Model 2 performed the best again with a average RMSE of 54168.0814, and I prefer the cross_val_score method/answer as it requires less steps and provides a more accurate assessment.

## PA 3

In [71]:


ct_poly = ColumnTransformer(
  [
    ("dummify", OneHotEncoder(sparse_output = False), ["Building Type"]),
    ("polynomial", PolynomialFeatures(), ["Size","Number of Rooms"])
  ],
  remainder = "drop"
)

lr_pipeline_poly = Pipeline(
  [("preprocessing", ct_poly),
  ("linear_regression", LinearRegression())]
).set_output(transform="pandas")

degrees = {'preprocessing__polynomial__degree': np.arange(1, 10)}

gscv = GridSearchCV(lr_pipeline_poly, degrees, cv = 5, scoring='r2')

In [72]:
from sklearn.model_selection import GridSearchCV

ct_poly = ColumnTransformer(
    [
        ("dummify", OneHotEncoder(sparse_output=False), ["Building Type"]),
        ("size_poly", PolynomialFeatures(), ["Size"]),
        ("rooms_poly", PolynomialFeatures(), ["Number of Rooms"])
    ],
    remainder="drop"
)

lr_pipeline_poly = Pipeline(
    [("preprocessing", ct_poly),
     ("standardize", StandardScaler()),
     ("linear_regression", LinearRegression())]
).set_output(transform="pandas")

degrees = {
    'preprocessing__size_poly__degree': np.arange(1, 11),
    'preprocessing__rooms_poly__degree': np.arange(1, 11)
}

gscv = GridSearchCV(lr_pipeline_poly, degrees, cv=5, scoring='r2')

In [73]:
gscv_fitted = gscv.fit(X, y)
# Best parameters and best score
print("Best parameters:", gscv.best_params_)
print("Best R-squared score:", gscv.best_score_)

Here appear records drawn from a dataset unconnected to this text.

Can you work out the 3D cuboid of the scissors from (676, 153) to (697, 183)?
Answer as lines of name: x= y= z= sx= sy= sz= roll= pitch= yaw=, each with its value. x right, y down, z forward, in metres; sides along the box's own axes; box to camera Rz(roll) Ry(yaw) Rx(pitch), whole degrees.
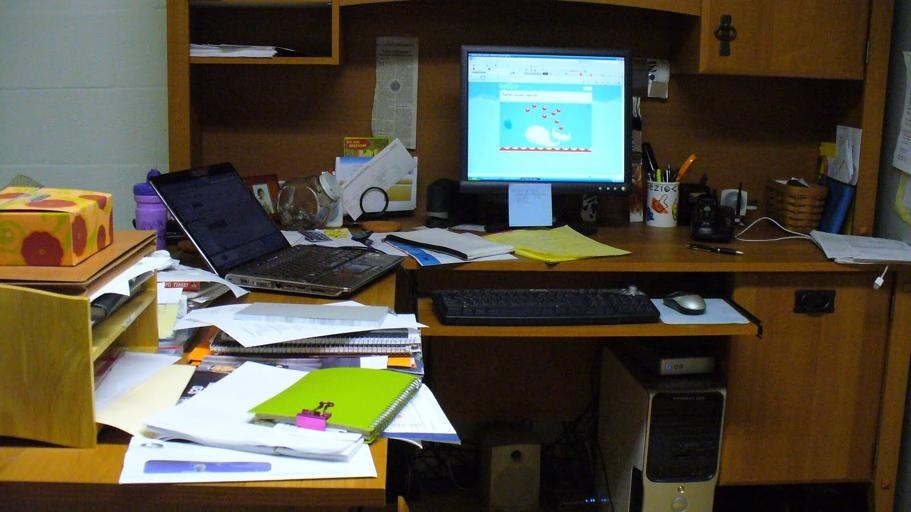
scissors: x=0.977 y=-0.362 z=3.082 sx=0.057 sy=0.058 sz=0.242 roll=29 pitch=26 yaw=15

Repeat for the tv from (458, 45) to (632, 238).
tv: x=0.345 y=-0.476 z=2.929 sx=0.897 sy=0.818 sz=0.307 roll=0 pitch=-2 yaw=-3

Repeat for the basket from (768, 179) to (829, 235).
basket: x=1.396 y=-0.203 z=3.020 sx=0.188 sy=0.143 sz=0.237 roll=1 pitch=10 yaw=1

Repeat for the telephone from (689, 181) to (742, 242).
telephone: x=1.020 y=-0.154 z=2.911 sx=0.159 sy=0.172 sz=0.208 roll=7 pitch=15 yaw=29

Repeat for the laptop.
laptop: x=-0.607 y=-0.055 z=2.469 sx=0.699 sy=0.267 sz=0.479 roll=7 pitch=17 yaw=12

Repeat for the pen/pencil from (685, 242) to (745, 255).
pen/pencil: x=0.967 y=-0.026 z=2.763 sx=0.148 sy=0.019 sz=0.020 roll=11 pitch=10 yaw=24
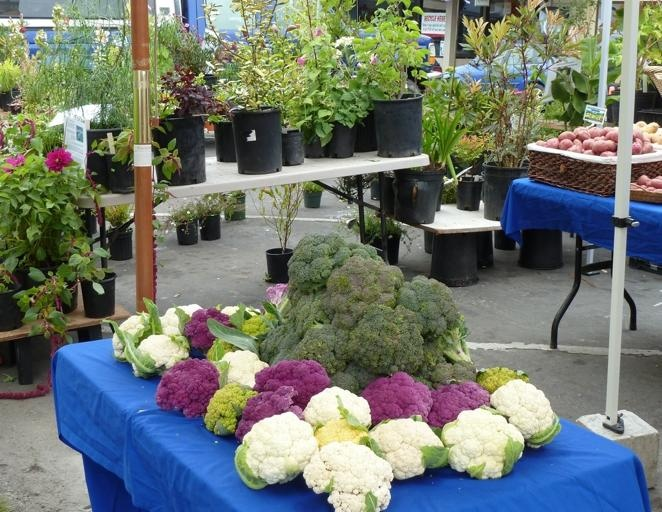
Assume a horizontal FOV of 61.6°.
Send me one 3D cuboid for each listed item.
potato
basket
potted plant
[{"bbox_3d":[1.726,-0.623,3.632,0.677,0.226,0.530,-9,15,-36],"label":"potato"},{"bbox_3d":[1.532,-0.548,3.593,0.161,0.282,0.726,-6,13,-22],"label":"basket"},{"bbox_3d":[0.061,-0.675,4.416,3.555,0.801,2.333,-6,22,-21],"label":"potted plant"}]
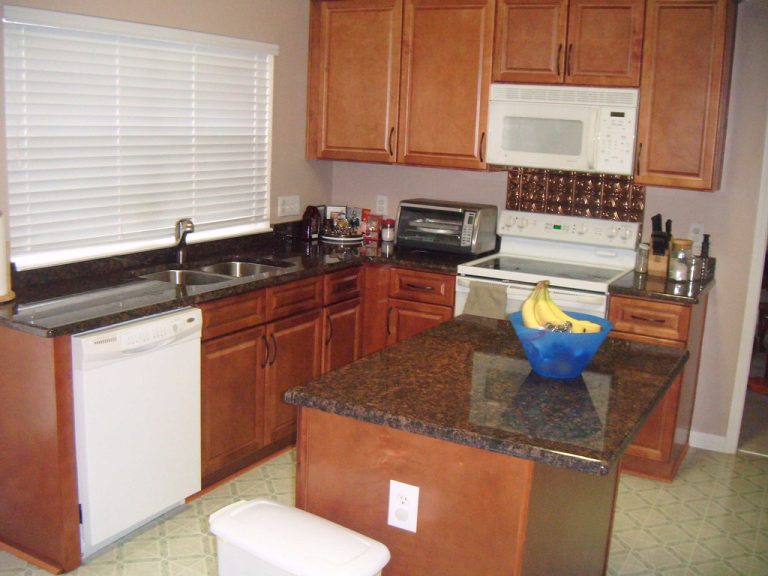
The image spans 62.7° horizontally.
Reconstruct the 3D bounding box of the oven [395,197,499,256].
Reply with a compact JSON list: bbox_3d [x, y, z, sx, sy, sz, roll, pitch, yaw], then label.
[{"bbox_3d":[0.426,-0.529,4.125,0.557,0.351,0.383,7,10,29],"label":"oven"}]

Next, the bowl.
[{"bbox_3d":[0.603,0.202,2.166,0.332,0.177,0.328,1,9,0],"label":"bowl"}]

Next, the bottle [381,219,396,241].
[{"bbox_3d":[0.031,-0.408,4.484,0.094,0.144,0.123,1,14,-3],"label":"bottle"}]

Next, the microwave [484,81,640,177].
[{"bbox_3d":[1.065,-0.915,3.997,0.885,0.539,0.550,4,-6,1],"label":"microwave"}]

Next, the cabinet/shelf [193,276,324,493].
[{"bbox_3d":[-0.799,0.432,3.543,0.448,0.999,1.048,8,11,28],"label":"cabinet/shelf"}]

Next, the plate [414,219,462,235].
[{"bbox_3d":[0.344,-0.395,4.095,0.343,0.084,0.032,11,16,30],"label":"plate"}]

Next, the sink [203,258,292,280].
[{"bbox_3d":[-0.836,-0.120,3.691,0.209,0.099,0.259,16,18,38],"label":"sink"}]

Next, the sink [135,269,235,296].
[{"bbox_3d":[-1.093,-0.054,3.411,0.189,0.094,0.289,12,13,35],"label":"sink"}]

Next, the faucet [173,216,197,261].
[{"bbox_3d":[-1.126,-0.273,3.545,0.135,0.376,0.078,1,33,-12],"label":"faucet"}]

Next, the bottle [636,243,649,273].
[{"bbox_3d":[1.542,-0.180,3.766,0.068,0.173,0.093,-11,19,-44],"label":"bottle"}]
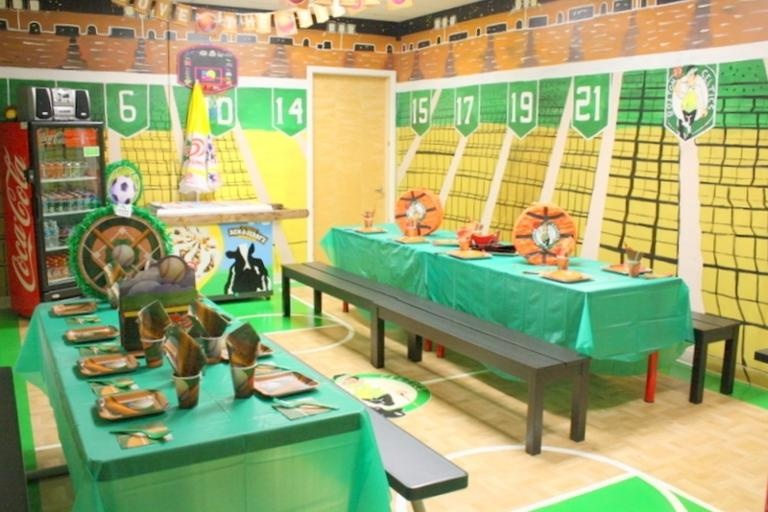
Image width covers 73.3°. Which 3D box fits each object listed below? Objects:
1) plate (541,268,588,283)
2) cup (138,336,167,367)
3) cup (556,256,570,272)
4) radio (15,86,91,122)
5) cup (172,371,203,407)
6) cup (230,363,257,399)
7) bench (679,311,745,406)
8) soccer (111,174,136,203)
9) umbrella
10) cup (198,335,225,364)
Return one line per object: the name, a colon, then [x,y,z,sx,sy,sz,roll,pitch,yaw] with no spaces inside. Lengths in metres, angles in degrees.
plate: [1.454,0.155,4.179,0.274,0.060,0.375,-11,15,-40]
cup: [-1.151,0.483,2.649,0.155,0.152,0.142,0,-2,0]
cup: [1.503,0.062,4.343,0.101,0.144,0.101,0,17,0]
radio: [-3.727,-1.824,6.263,0.692,0.392,0.485,3,11,15]
cup: [-0.868,0.597,2.253,0.131,0.124,0.128,-5,-13,-1]
cup: [-0.609,0.559,2.338,0.147,0.135,0.141,0,2,0]
bench: [2.806,0.873,4.468,0.608,0.680,0.331,-10,15,-32]
soccer: [-3.467,-0.879,6.813,0.341,0.375,0.164,-8,14,-24]
umbrella: [-2.575,-1.575,7.008,0.540,1.626,0.464,-9,15,-27]
cup: [-0.854,0.458,2.632,0.150,0.138,0.140,1,8,0]
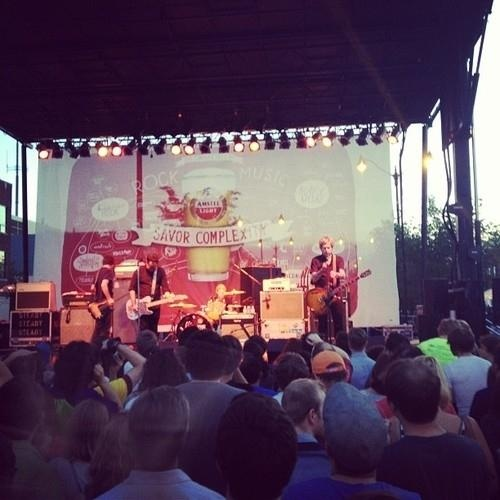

Best parameters: {'preprocessing__rooms_poly__degree': 1, 'preprocessing__size_poly__degree': 3}
Best R-squared score: 0.558011938596334


1. The model that performed the best (R^2: 0.5580)  was the model with the 'Size' parameter to degree 3 and the "Number of Rooms" parameter to degree 1.

2. Trying all possible model options with a wide range of parameters takes a lot of computational power and can take more time when searching for the best model. You can limit the number of degrees or models to make the process more efficient.